6. the Gluconobater oxydans genetic engineering strain of high yield 5-KGA as claimed in claim 5 is in production 5- ketone group-D- grapes Application in saccharic acid, which is characterized in that include the following steps：

The Gluconobater oxydans genetic engineering strain of the high yield 5-KGA is seeded to after expanding and cultivating in fermentation tank and is carried out Fermented and cultured collects zymotic fluid, the isolated 5- keto-D-gluconic acids from zymotic fluid.

7. applying according to claim 6, which is characterized in that the group of the fermentation medium of the fermented and cultured becomes：Corn Starch 7.5 g/L；(NH₄)₂SO₄0.41 g/L；(NH₄)₂HPO₄0.1 g/L；MgSO₄·7H₂O 0.07 g/L；CaCO₃ 10- 20 g/L；Glucose 100 g/L, initial pH 5.0-5.5,121 DEG C, sterilize 15 min, the western 50 μ g/ of spit of fland final concentration of cephalo mL。

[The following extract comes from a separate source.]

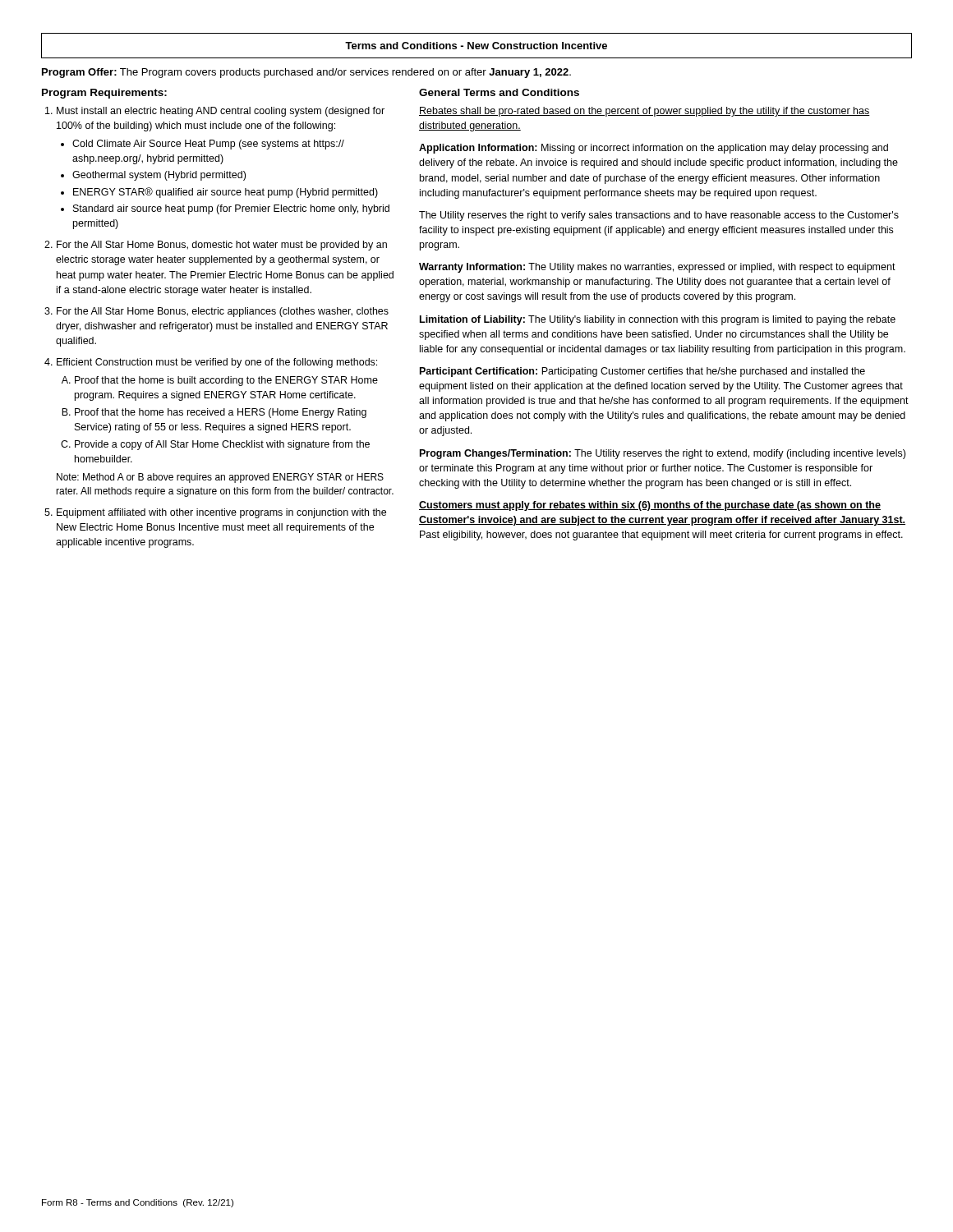Image resolution: width=953 pixels, height=1232 pixels.
Task: Locate the block starting "Application Information: Missing or incorrect information on the"
Action: point(658,170)

8. applying according to claim 6, which is characterized in that the condition of the fermented and cultured is：28 ~ 32 DEG C, 0.8 ~ 1.2 The ventilatory capacity of vvm, it is 20% ~ 40% that tank, which presses 0.02 ~ 0.04 MPa, mixing control oxyty, and ferment 55 ~ 65h, in fermentation process Feed supplement is controlled according to the concentration of glucose in culture medium.